18th Chief Justice of Canada
- Incumbent
- Assumed office December 18, 2017
- Nominated by: Justin Trudeau
- Appointed by: Julie Payette
- Preceded by: Beverley McLachlin

Puisne Justice of the Supreme Court of Canada
- In office October 5, 2012 – December 18, 2017
- Nominated by: Stephen Harper
- Appointed by: David Johnston
- Preceded by: Marie Deschamps
- Succeeded by: Sheilah Martin

Puisne Justice of the Quebec Court of Appeal
- In office February 3, 2011 – October 5, 2012
- Nominated by: Stephen Harper
- Appointed by: David Johnston
- Preceded by: Lise Côté
- Succeeded by: Dominique Bélanger

Personal details
- Born: April 2, 1957 (age 69) Montreal, Quebec, Canada
- Spouse: Catherine Mandeville
- Children: 2
- Parent: Claude Wagner (father);
- Education: Collège Jean-de-Brébeuf (DEC) University of Ottawa (B.Soc.Sc, LL.L.)

= Richard Wagner (judge) =

Chief Justice of Canada since 2017

Richard Wagner (/fr/; born April 2, 1957) is a Canadian jurist who has served as the 18th chief justice of Canada since 2017. He previously served as a puisne justice of the Quebec Court of Appeal (2011–2012) and of the Supreme Court of Canada (2012–2017).

==Early life and education==
Wagner was born in Montreal, Quebec, to a French Canadian Catholic family as the son of Gisèle (née Normandeau) and Claude Wagner, a former member of Parliament and senator.
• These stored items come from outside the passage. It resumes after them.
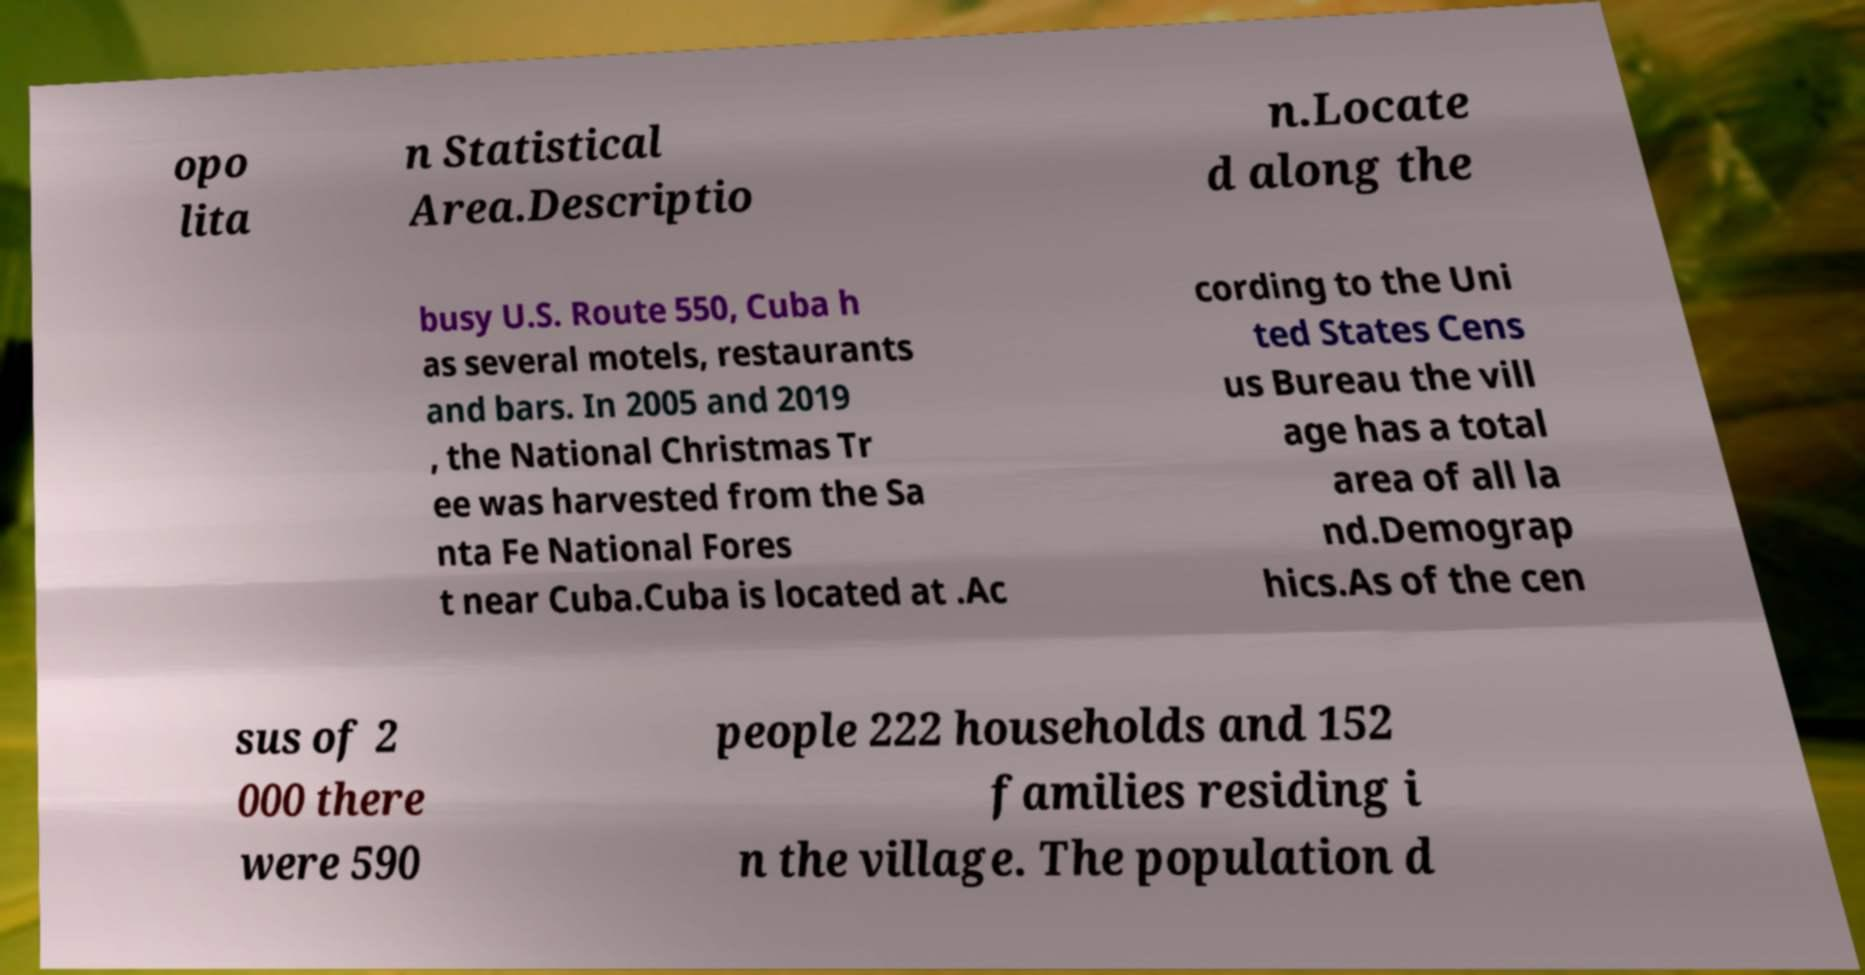Please identify and transcribe the text found in this image. opo lita n Statistical Area.Descriptio n.Locate d along the busy U.S. Route 550, Cuba h as several motels, restaurants and bars. In 2005 and 2019 , the National Christmas Tr ee was harvested from the Sa nta Fe National Fores t near Cuba.Cuba is located at .Ac cording to the Uni ted States Cens us Bureau the vill age has a total area of all la nd.Demograp hics.As of the cen sus of 2 000 there were 590 people 222 households and 152 families residing i n the village. The population d 
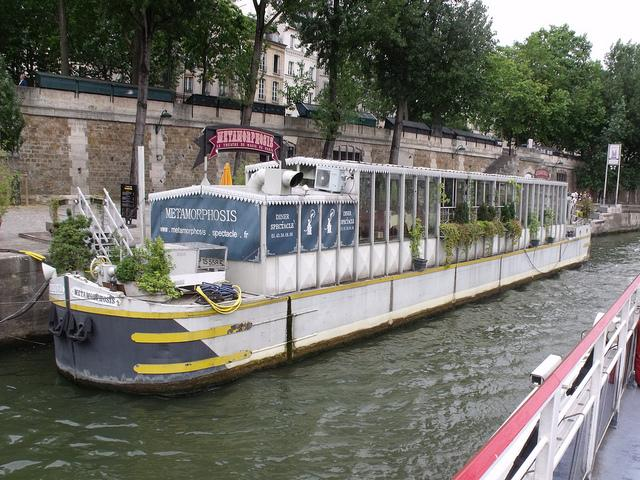Who wrote a book whose title matches the word at the front top of the boat?

Choices:
A) joe hill
B) franz kafka
C) jack ryan
D) jim sturgess franz kafka 
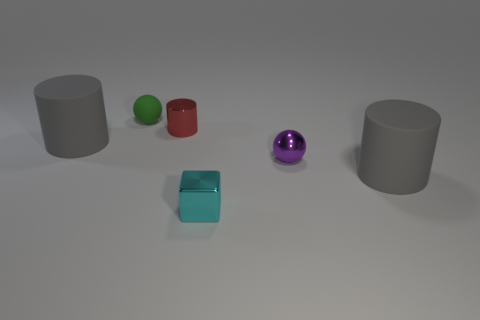Subtract all gray cylinders. How many cylinders are left? 1 Subtract all green balls. How many gray cylinders are left? 2 Subtract 1 cylinders. How many cylinders are left? 2 Add 4 small cyan things. How many objects exist? 10 Subtract all blocks. How many objects are left? 5 Subtract all matte cylinders. Subtract all cylinders. How many objects are left? 1 Add 5 tiny green rubber balls. How many tiny green rubber balls are left? 6 Add 3 gray rubber things. How many gray rubber things exist? 5 Subtract 0 purple blocks. How many objects are left? 6 
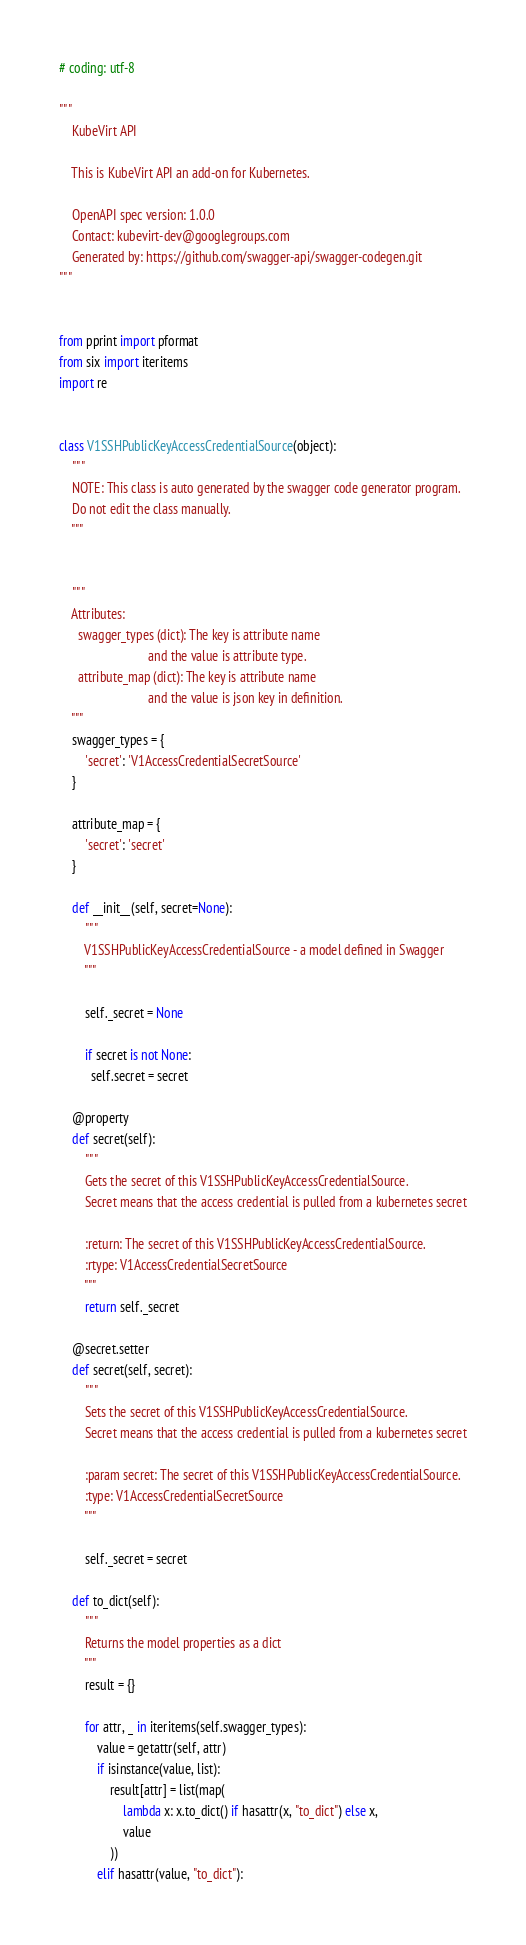Convert code to text. <code><loc_0><loc_0><loc_500><loc_500><_Python_># coding: utf-8

"""
    KubeVirt API

    This is KubeVirt API an add-on for Kubernetes.

    OpenAPI spec version: 1.0.0
    Contact: kubevirt-dev@googlegroups.com
    Generated by: https://github.com/swagger-api/swagger-codegen.git
"""


from pprint import pformat
from six import iteritems
import re


class V1SSHPublicKeyAccessCredentialSource(object):
    """
    NOTE: This class is auto generated by the swagger code generator program.
    Do not edit the class manually.
    """


    """
    Attributes:
      swagger_types (dict): The key is attribute name
                            and the value is attribute type.
      attribute_map (dict): The key is attribute name
                            and the value is json key in definition.
    """
    swagger_types = {
        'secret': 'V1AccessCredentialSecretSource'
    }

    attribute_map = {
        'secret': 'secret'
    }

    def __init__(self, secret=None):
        """
        V1SSHPublicKeyAccessCredentialSource - a model defined in Swagger
        """

        self._secret = None

        if secret is not None:
          self.secret = secret

    @property
    def secret(self):
        """
        Gets the secret of this V1SSHPublicKeyAccessCredentialSource.
        Secret means that the access credential is pulled from a kubernetes secret

        :return: The secret of this V1SSHPublicKeyAccessCredentialSource.
        :rtype: V1AccessCredentialSecretSource
        """
        return self._secret

    @secret.setter
    def secret(self, secret):
        """
        Sets the secret of this V1SSHPublicKeyAccessCredentialSource.
        Secret means that the access credential is pulled from a kubernetes secret

        :param secret: The secret of this V1SSHPublicKeyAccessCredentialSource.
        :type: V1AccessCredentialSecretSource
        """

        self._secret = secret

    def to_dict(self):
        """
        Returns the model properties as a dict
        """
        result = {}

        for attr, _ in iteritems(self.swagger_types):
            value = getattr(self, attr)
            if isinstance(value, list):
                result[attr] = list(map(
                    lambda x: x.to_dict() if hasattr(x, "to_dict") else x,
                    value
                ))
            elif hasattr(value, "to_dict"):</code> 
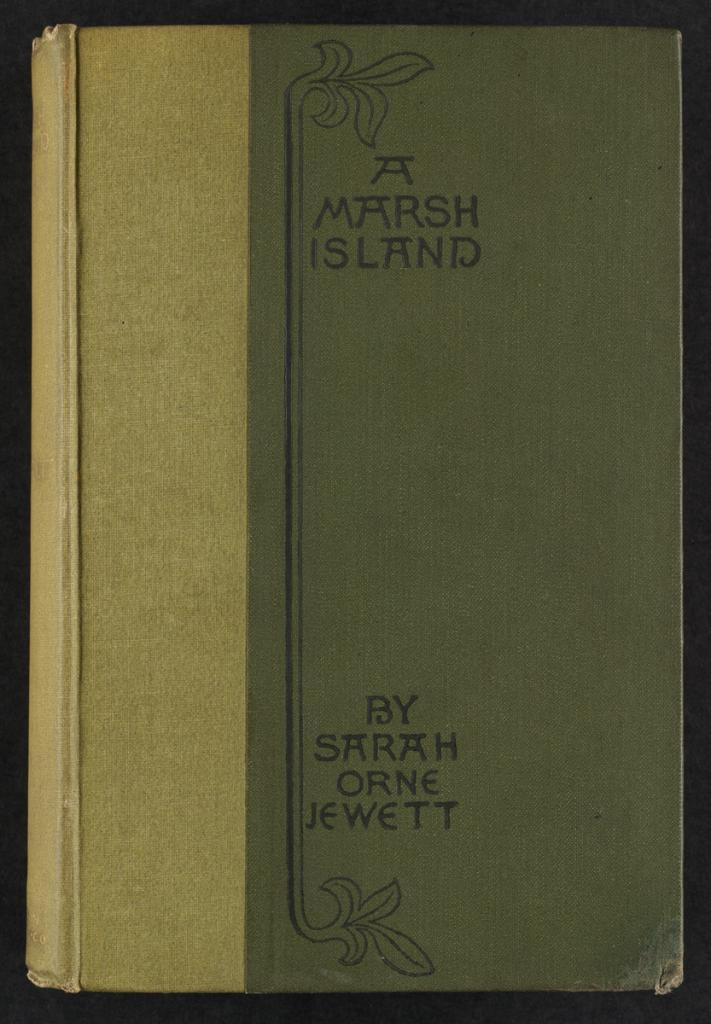<image>
Share a concise interpretation of the image provided. The author of this old book is called Sarsh Orne Jewett.

He studied at the Collège Jean-de-Brébeuf in Montreal before receiving a Bachelor of Social Sciences degree in political science, cum laude, from the University of Ottawa in 1978. He received his Licentiate in Law, cum laude, from the same institution in 1979.

==Career==

===Private practice and early judicial career===
In 1980, Wagner was called to the Quebec Bar, and began practice at the Montreal law firm Lavery, de Billy (formerly Lavery, O'Brien and Lavery, Johnston, Clark, Carrière, Mason & Associés). His practice centred on real estate, commercial litigation and professional liability insurance.

He was appointed to the Superior Court of Quebec for the district of Montreal on September 24, 2004. On February 3, 2011, he was elevated to the Court of Appeal of Quebec.

===Supreme Court of Canada===
On October 2, 2012, Prime Minister Stephen Harper nominated him to the Supreme Court of Canada to replace retiring Justice Marie Deschamps. His appointment was confirmed on October 5, 2012.

On December 3, 2012, a ceremony was held for Wagner's appointment in the Supreme Court of Canada courtroom. The event was attended by Chief Justice Beverley McLachlin, the federal minister of justice and attorney general, Rob Nicholson, and the Quebec deputy minister of justice, Nathalie Drouin.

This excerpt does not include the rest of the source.